No, I can’t be too late. That fucker can’t have killed them.

I won’t accept that. Without my mother and brother, I have nothing. No family, no home, no purpose.

An abyss of defeat and agony threatens to swallow me whole, and I’m tempted to fall into the darkness. To let the pain of not hearing my baby brother’s laugh at least one more time be swept away along with knowing my mother’s loving arms will never hold me again, reminding me that everything happens for a reason.

Drake’s warm hands squeeze my shoulders. “I’ll go in there for you.”

My tear-stained gaze snaps up, and I glare at the man I’m not truly angry with. “I’m going to finish this myself.” My words are hurled at him with a ferocity that I’m forced to cling to for fear of drowning before I can at least finish what I came here to do.

If my mother and brother are dead, then I will avenge them. Not anyone else. Especially someone who never knew them.

I jerk out of his steady hold, ignoring how the instant he’s no longer touching me, the grief feels ten times more savage. Running toward the back door, I only stop long enough to kick it in before charging forward.

Using the potion in my hand, my plan is to stun my father, then use the knife on my thigh to end his pathetic life once and for all. My wolf can have her way with him when I know he’s down and not getting back up.

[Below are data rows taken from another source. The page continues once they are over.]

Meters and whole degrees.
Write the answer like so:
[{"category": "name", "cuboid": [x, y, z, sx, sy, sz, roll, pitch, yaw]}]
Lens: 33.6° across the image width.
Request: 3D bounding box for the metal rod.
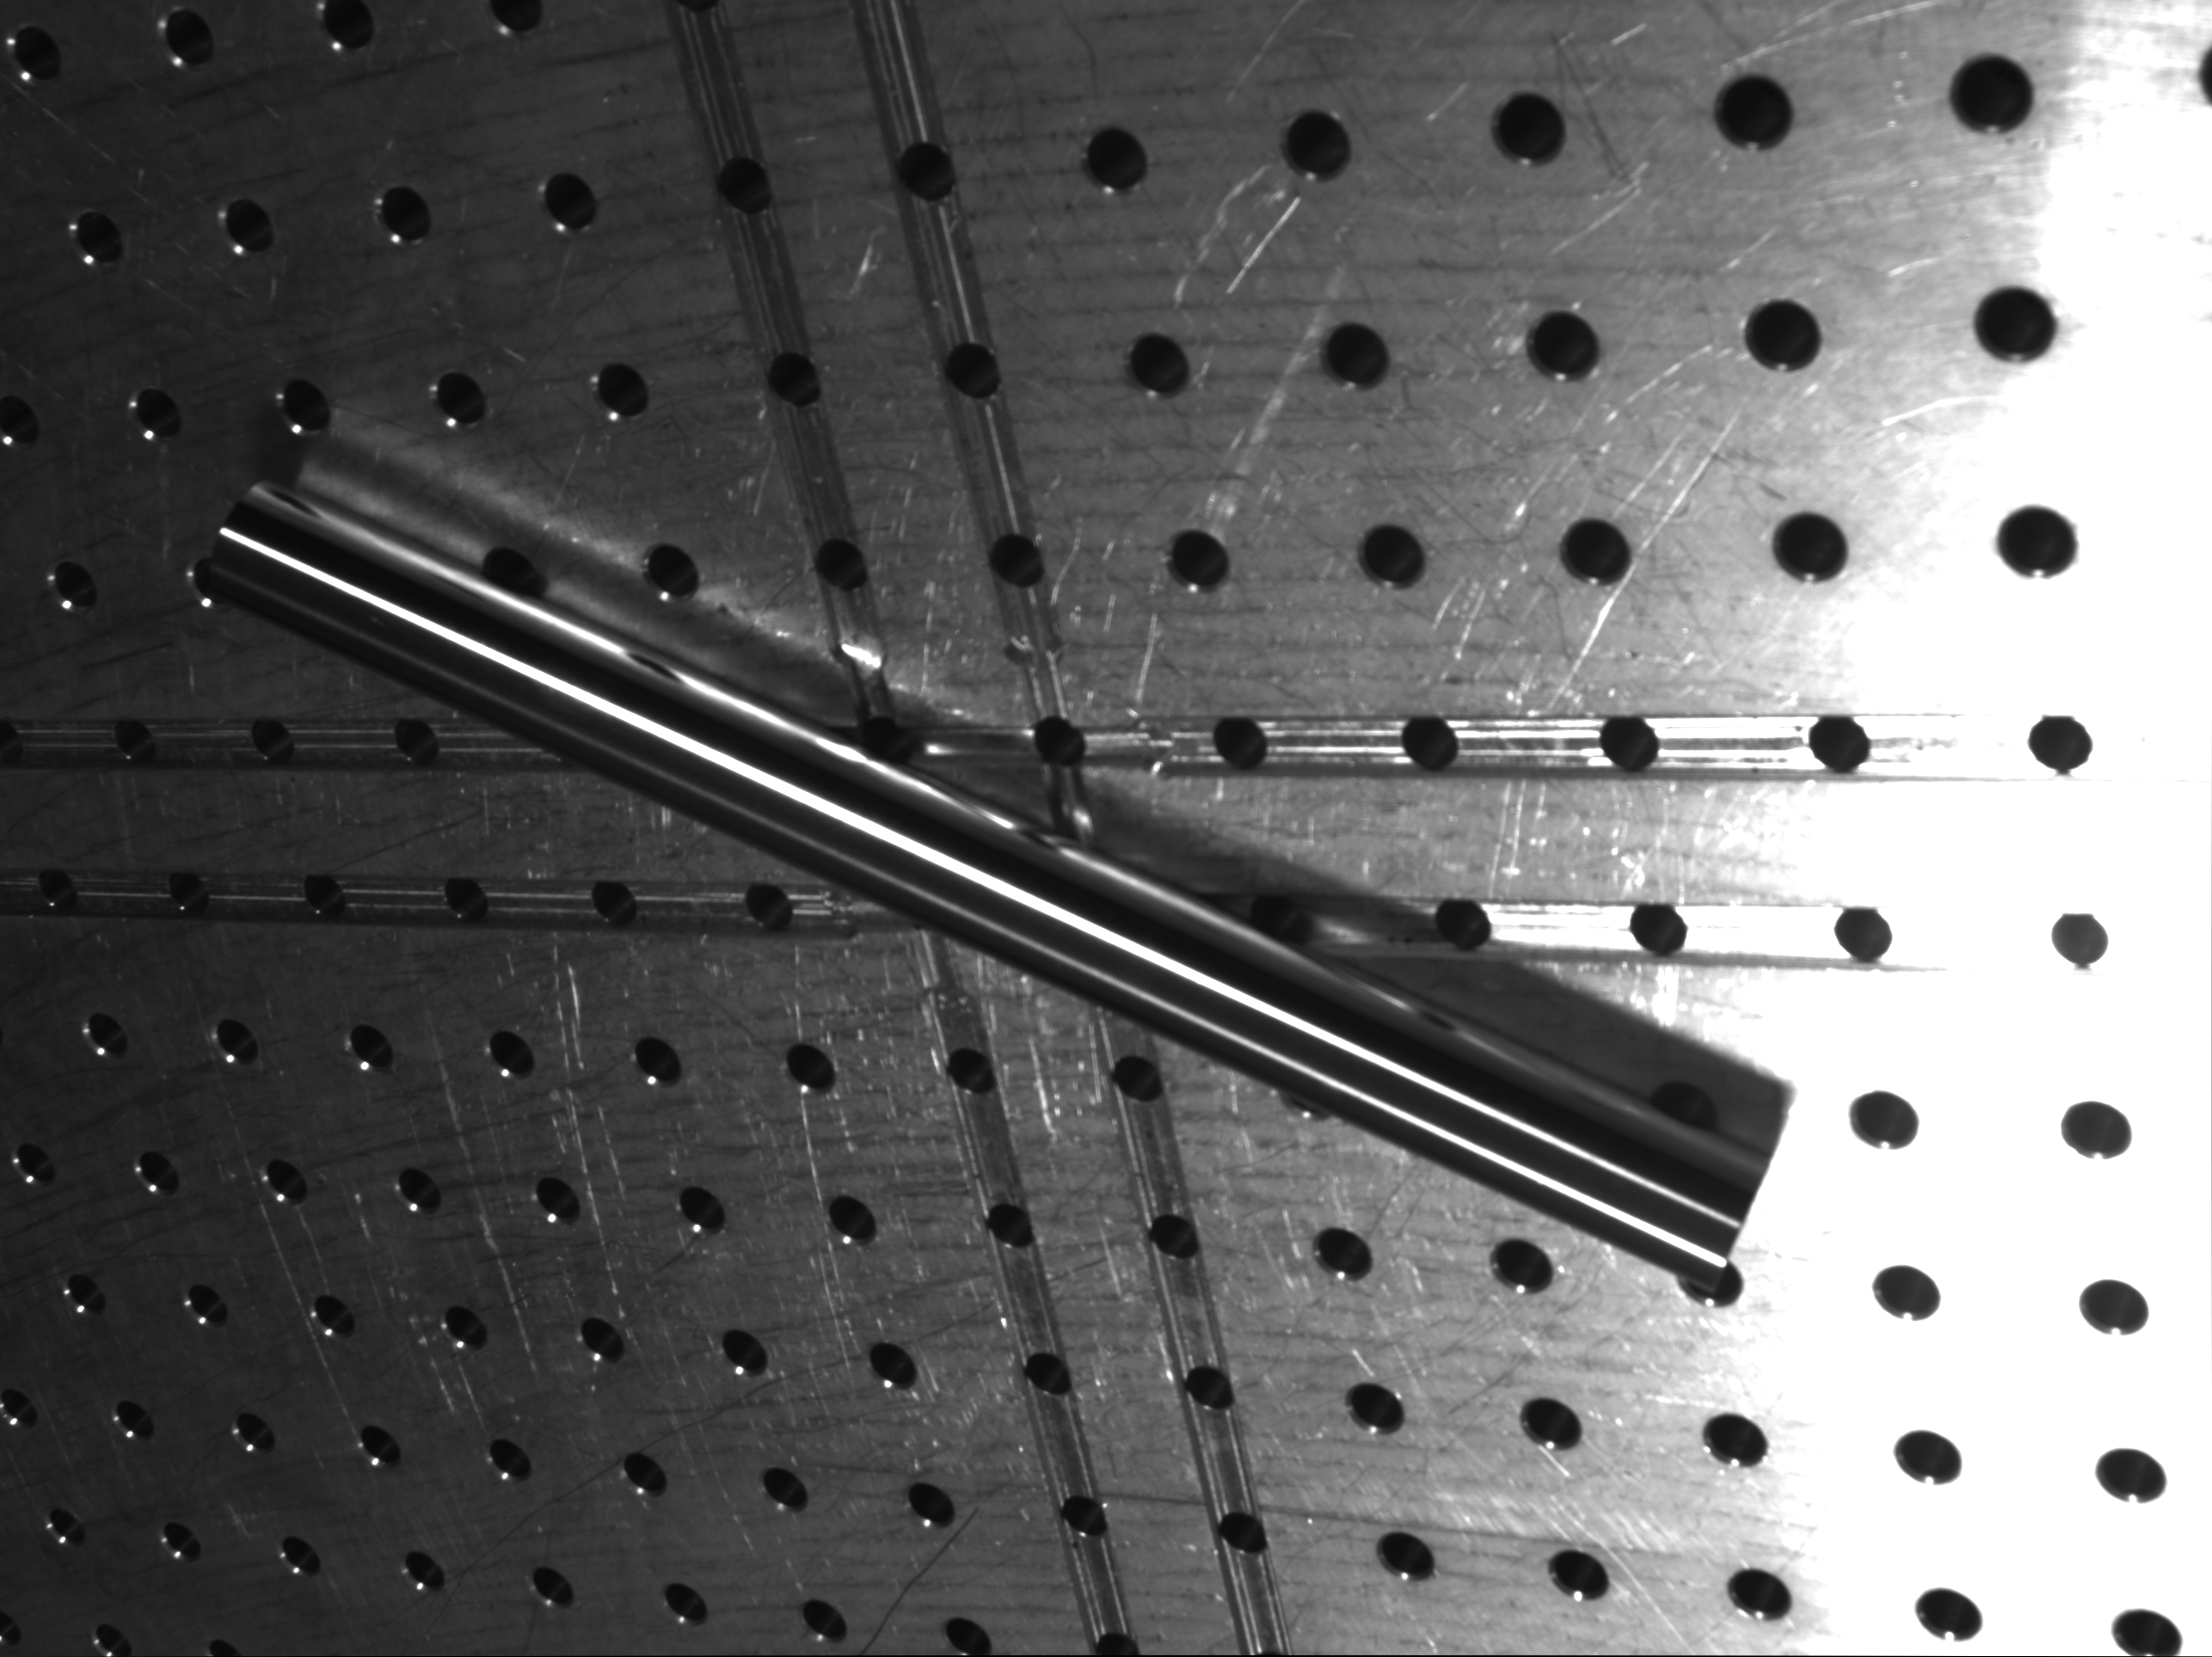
[{"category": "metal rod", "cuboid": [-0.025, 0.007, 0.651, 0.300, 0.025, 0.025, 24, 126, 12]}]

Racing down the hallway, I start to hear cries, soft feminine ones. They grow louder with every lengthened stride I take until the situation I’d already fabricated in my mind is replaced by something else entirely.

My mother is kneeling over her mate’s body, clutching his bleeding chest as Peter stands beside her, rubbing her back, consoling her in ways he shouldn’t have to at only eight years old.

They’re not dead. Samuel didn’t kill them.

But who took his death from me?

“Peter?” I say with a strangled tone, and it’s not until right then that I realize more tears are streaming down my cheeks.

“Pence!” His azure eyes light up at my arrival, and when I take in his round face, there’s blood splatter in his rowdy brown curls, on his skin, and ruining his light-grey sweatshirt, but it’s what’s on the ground next to him that hurts most.

He runs toward me, and I bend down with open arms, smiling as my chest aches almost as bad as it had outside.

“I stopped him,” he tells me, his voice muffled thanks to me hugging him so tightly.

“I know, bub.” The gun that had been next to his feet clued me in. One I only now remember hiding in my closet years ago.

My hold intensifies. I don’t want to make Peter think he did something wrong because he didn’t, but I hate that he’ll have to live with this. He’ll forever remember having to murder his own father. No matter how cruel of a man Samuel was, this day has changed all of us forever.

Peter wiggles out of my hold and points behind me. “Who’s that?”

I don’t have to turn around to know Drake is there, but instead of introducing him, I grab my brother’s hand and stand up. “How about we go check on Momma?”

His lower lip juts out. “She’s really sad, but also really happy.”

Yeah, I imagine so. Now, it’s time for her to get her emotions in check so we can burn a body and never look back.